• Task description: Copy every line from the data below in which the string "hours" can be found.

(Saved data entries)
______
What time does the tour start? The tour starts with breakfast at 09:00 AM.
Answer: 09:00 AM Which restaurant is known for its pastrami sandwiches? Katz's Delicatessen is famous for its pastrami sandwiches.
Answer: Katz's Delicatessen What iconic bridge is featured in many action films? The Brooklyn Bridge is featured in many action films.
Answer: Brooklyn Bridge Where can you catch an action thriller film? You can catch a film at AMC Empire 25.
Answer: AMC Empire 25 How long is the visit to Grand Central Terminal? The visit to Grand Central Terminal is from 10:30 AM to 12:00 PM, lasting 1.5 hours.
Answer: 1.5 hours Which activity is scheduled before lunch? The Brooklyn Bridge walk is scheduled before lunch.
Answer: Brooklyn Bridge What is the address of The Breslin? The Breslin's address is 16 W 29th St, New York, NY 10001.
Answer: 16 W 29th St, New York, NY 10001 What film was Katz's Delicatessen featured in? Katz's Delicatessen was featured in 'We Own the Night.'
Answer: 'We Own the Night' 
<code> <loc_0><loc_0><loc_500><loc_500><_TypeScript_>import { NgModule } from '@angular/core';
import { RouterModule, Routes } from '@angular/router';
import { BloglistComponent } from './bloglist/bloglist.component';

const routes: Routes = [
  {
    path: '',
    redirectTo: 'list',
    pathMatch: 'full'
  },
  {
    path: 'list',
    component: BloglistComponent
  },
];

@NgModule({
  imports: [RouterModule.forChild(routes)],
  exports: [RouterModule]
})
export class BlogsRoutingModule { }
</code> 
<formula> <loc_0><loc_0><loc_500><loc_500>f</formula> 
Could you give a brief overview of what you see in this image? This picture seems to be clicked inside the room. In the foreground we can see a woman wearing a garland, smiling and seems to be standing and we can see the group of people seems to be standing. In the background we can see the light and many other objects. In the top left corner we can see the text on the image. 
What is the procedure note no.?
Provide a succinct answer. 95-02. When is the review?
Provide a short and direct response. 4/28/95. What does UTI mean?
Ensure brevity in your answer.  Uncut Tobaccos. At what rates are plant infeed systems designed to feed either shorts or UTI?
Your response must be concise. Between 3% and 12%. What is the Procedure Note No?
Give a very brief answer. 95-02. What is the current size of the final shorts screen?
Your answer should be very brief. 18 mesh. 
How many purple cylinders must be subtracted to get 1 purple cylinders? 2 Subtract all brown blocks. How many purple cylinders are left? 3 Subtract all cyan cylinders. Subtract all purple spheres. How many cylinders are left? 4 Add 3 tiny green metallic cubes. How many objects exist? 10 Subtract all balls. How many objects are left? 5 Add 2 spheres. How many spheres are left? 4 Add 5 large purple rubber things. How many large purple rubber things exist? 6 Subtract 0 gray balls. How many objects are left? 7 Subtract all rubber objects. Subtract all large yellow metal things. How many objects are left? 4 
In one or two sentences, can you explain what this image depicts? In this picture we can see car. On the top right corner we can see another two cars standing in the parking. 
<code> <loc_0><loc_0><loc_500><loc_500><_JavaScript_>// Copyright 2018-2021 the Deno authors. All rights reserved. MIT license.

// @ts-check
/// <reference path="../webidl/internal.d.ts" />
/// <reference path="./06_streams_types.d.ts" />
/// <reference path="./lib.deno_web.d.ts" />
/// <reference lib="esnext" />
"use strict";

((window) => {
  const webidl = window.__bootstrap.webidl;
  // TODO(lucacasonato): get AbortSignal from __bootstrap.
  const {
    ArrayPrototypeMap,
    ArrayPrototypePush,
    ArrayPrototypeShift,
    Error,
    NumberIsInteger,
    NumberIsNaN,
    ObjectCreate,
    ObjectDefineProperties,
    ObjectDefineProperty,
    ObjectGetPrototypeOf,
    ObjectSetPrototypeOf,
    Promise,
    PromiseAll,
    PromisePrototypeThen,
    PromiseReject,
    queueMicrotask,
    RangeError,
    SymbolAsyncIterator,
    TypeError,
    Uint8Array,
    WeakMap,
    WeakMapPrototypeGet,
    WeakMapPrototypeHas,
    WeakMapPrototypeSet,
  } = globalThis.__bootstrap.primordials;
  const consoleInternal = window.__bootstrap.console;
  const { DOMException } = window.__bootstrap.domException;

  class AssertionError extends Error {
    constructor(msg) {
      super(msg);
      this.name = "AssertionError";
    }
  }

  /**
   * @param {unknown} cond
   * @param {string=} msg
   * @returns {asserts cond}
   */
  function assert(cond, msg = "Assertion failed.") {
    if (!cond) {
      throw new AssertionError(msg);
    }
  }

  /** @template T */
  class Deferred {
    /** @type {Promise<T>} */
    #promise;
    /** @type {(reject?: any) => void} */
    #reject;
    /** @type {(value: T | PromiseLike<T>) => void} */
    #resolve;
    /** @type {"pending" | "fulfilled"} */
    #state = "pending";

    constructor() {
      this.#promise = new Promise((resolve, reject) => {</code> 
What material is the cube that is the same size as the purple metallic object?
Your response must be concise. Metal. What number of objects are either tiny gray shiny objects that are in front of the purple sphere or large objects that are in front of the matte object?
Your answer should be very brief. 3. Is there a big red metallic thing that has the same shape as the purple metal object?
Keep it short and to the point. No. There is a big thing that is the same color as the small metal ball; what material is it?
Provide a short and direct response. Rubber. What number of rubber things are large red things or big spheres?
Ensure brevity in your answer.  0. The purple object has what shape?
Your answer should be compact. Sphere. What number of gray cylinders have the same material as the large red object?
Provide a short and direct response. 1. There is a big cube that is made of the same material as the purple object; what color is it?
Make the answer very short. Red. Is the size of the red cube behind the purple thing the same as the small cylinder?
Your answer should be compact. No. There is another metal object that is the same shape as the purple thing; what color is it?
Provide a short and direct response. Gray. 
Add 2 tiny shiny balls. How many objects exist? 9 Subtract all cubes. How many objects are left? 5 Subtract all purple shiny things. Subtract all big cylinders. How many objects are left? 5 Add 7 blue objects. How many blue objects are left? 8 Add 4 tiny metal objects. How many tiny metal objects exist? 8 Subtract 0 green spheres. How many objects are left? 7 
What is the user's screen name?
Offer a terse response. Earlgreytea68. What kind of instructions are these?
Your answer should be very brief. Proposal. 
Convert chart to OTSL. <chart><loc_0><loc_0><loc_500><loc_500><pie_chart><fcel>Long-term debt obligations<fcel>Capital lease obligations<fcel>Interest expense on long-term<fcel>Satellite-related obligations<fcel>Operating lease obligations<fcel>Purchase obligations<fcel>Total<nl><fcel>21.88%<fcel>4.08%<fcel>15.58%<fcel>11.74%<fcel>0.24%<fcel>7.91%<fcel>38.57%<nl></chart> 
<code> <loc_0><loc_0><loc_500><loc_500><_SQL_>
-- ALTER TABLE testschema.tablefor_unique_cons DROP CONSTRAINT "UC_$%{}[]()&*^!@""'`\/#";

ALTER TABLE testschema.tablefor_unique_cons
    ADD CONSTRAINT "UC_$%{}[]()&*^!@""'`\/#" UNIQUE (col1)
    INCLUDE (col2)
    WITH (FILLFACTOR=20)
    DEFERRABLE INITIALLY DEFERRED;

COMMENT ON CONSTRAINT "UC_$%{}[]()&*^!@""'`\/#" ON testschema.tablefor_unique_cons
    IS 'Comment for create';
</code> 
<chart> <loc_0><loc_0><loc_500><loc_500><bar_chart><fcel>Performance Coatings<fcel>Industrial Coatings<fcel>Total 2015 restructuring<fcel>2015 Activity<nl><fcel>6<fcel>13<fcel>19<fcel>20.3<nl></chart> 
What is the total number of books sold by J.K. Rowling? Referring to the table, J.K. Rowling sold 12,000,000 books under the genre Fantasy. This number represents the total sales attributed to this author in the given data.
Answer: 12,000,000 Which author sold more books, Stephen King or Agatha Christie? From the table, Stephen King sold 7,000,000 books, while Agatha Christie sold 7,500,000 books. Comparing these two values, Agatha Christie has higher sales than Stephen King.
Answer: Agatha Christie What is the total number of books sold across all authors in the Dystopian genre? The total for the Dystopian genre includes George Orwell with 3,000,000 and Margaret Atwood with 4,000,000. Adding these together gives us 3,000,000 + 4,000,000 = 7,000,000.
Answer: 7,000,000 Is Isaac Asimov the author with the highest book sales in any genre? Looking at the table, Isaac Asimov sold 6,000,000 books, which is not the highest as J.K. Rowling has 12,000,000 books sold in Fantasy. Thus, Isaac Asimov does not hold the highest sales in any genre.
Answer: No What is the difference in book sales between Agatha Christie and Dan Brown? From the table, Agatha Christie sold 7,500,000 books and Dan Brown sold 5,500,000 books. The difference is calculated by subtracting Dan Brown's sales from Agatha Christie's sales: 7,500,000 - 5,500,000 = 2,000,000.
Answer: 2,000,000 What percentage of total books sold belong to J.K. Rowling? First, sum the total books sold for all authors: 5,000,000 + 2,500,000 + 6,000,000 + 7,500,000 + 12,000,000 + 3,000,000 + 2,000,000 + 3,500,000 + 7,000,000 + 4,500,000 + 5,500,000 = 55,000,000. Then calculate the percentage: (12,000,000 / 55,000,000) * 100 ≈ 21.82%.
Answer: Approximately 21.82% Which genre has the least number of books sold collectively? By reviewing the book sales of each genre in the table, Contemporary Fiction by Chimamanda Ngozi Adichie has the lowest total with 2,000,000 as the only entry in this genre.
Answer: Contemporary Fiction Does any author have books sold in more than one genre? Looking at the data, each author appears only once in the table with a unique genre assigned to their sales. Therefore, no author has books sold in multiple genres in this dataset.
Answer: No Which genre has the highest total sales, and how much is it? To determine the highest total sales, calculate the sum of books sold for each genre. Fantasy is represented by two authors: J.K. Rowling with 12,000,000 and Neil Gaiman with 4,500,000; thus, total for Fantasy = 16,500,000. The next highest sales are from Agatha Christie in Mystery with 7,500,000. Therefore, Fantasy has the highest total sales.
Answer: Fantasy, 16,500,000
______
• Exercise response:
Answer: AMC Empire 25 How long is the visit to Grand Central Terminal? The visit to Grand Central Terminal is from 10:30 AM to 12:00 PM, lasting 1.5 hours.
Answer: 1.5 hours Which activity is scheduled before lunch? The Brooklyn Bridge walk is scheduled before lunch.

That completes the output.